### Listed records
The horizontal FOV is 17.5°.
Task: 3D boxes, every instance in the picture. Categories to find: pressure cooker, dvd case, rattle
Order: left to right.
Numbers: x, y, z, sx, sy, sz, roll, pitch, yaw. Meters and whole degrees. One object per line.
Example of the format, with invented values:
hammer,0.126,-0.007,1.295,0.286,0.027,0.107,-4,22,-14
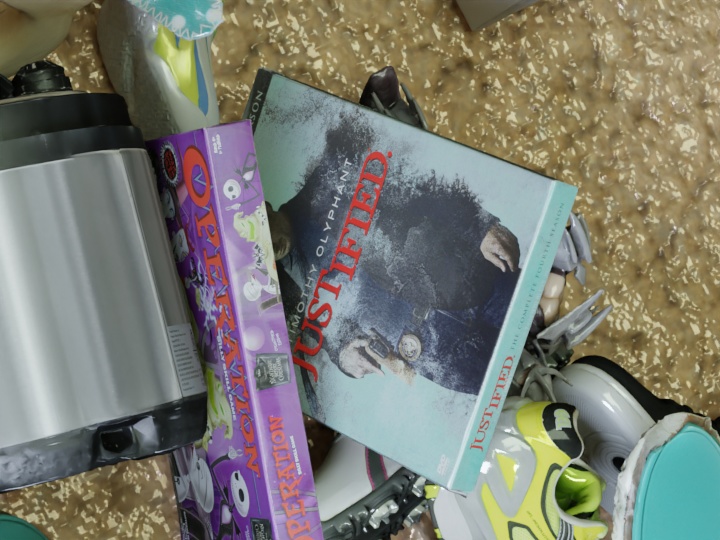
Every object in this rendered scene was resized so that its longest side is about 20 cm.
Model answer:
pressure cooker,-0.167,0.000,1.034,0.178,0.176,0.201,-13,89,-29
rattle,-0.166,-0.164,1.086,0.199,0.130,0.143,-19,48,9
dvd case,0.000,0.000,1.080,0.022,0.200,0.147,13,99,-46

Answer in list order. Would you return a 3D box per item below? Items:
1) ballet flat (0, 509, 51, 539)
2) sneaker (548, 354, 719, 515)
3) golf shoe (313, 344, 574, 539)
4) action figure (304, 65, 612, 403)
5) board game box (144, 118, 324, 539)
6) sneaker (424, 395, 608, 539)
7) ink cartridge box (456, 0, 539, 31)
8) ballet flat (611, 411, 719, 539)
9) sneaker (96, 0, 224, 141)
ballet flat,-0.147,0.152,1.022,0.200,0.063,0.069,41,44,-58
sneaker,0.175,0.087,1.213,0.200,0.073,0.112,52,60,-30
golf shoe,0.014,0.077,1.166,0.088,0.077,0.200,44,64,14
action figure,0.038,-0.008,1.141,0.130,0.069,0.200,-24,63,-22
board game box,-0.066,0.036,1.072,0.032,0.120,0.201,-11,93,-30
sneaker,0.084,0.133,1.120,0.076,0.200,0.076,-9,52,11
ink cartridge box,0.084,-0.248,1.240,0.146,0.084,0.201,-28,92,-27
ballet flat,0.152,0.154,1.129,0.072,0.072,0.201,-26,115,-25
sneaker,-0.083,-0.156,1.155,0.105,0.076,0.201,-16,86,-26
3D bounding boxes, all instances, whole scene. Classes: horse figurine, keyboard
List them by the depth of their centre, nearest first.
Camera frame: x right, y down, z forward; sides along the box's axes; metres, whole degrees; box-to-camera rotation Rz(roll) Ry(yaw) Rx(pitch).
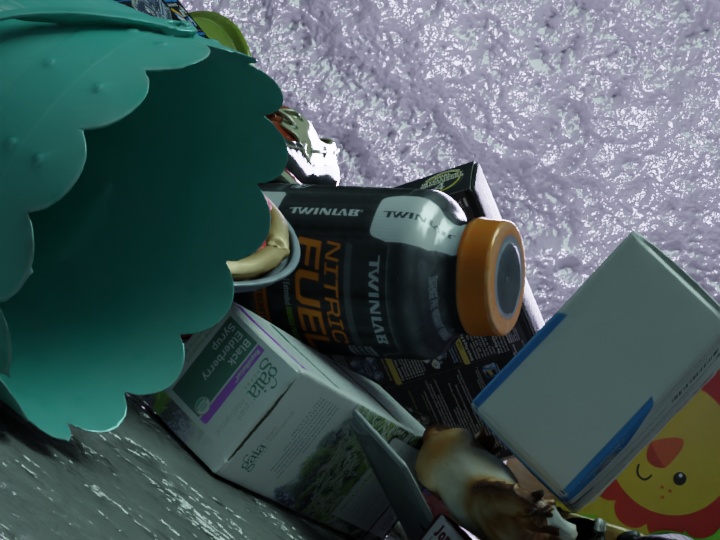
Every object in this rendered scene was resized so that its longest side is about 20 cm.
[{"bbox_3d":[0.084,0.138,1.512,0.132,0.050,0.200,43,0,-34],"label":"horse figurine"},{"bbox_3d":[0.038,0.156,1.548,0.056,0.011,0.200,39,-16,38],"label":"keyboard"}]

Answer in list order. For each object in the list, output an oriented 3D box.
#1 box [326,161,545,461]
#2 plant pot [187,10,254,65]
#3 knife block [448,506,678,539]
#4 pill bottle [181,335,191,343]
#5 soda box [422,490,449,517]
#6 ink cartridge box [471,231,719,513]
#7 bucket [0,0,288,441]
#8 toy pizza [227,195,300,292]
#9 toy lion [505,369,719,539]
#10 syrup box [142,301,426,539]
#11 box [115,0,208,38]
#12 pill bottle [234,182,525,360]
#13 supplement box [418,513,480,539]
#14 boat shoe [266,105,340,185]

### Task to complete
When the line containing "6) sneaker (424, 395, 608, 539)" has been located, retype it and each line after it through the end of the records, excluding the pictures and adding nothing else.

### Your response
6) sneaker (424, 395, 608, 539)
7) ink cartridge box (456, 0, 539, 31)
8) ballet flat (611, 411, 719, 539)
9) sneaker (96, 0, 224, 141)
ballet flat,-0.147,0.152,1.022,0.200,0.063,0.069,41,44,-58
sneaker,0.175,0.087,1.213,0.200,0.073,0.112,52,60,-30
golf shoe,0.014,0.077,1.166,0.088,0.077,0.200,44,64,14
action figure,0.038,-0.008,1.141,0.130,0.069,0.200,-24,63,-22
board game box,-0.066,0.036,1.072,0.032,0.120,0.201,-11,93,-30
sneaker,0.084,0.133,1.120,0.076,0.200,0.076,-9,52,11
ink cartridge box,0.084,-0.248,1.240,0.146,0.084,0.201,-28,92,-27
ballet flat,0.152,0.154,1.129,0.072,0.072,0.201,-26,115,-25
sneaker,-0.083,-0.156,1.155,0.105,0.076,0.201,-16,86,-26
3D bounding boxes, all instances, whole scene. Classes: horse figurine, keyboard
List them by the depth of their centre, nearest first.
Camera frame: x right, y down, z forward; sides along the box's axes; metres, whole degrees; box-to-camera rotation Rz(roll) Ry(yaw) Rx(pitch).
Every object in this rendered scene was resized so that its longest side is about 20 cm.
[{"bbox_3d":[0.084,0.138,1.512,0.132,0.050,0.200,43,0,-34],"label":"horse figurine"},{"bbox_3d":[0.038,0.156,1.548,0.056,0.011,0.200,39,-16,38],"label":"keyboard"}]

Answer in list order. For each object in the list, output an oriented 3D box.
#1 box [326,161,545,461]
#2 plant pot [187,10,254,65]
#3 knife block [448,506,678,539]
#4 pill bottle [181,335,191,343]
#5 soda box [422,490,449,517]
#6 ink cartridge box [471,231,719,513]
#7 bucket [0,0,288,441]
#8 toy pizza [227,195,300,292]
#9 toy lion [505,369,719,539]
#10 syrup box [142,301,426,539]
#11 box [115,0,208,38]
#12 pill bottle [234,182,525,360]
#13 supplement box [418,513,480,539]
#14 boat shoe [266,105,340,185]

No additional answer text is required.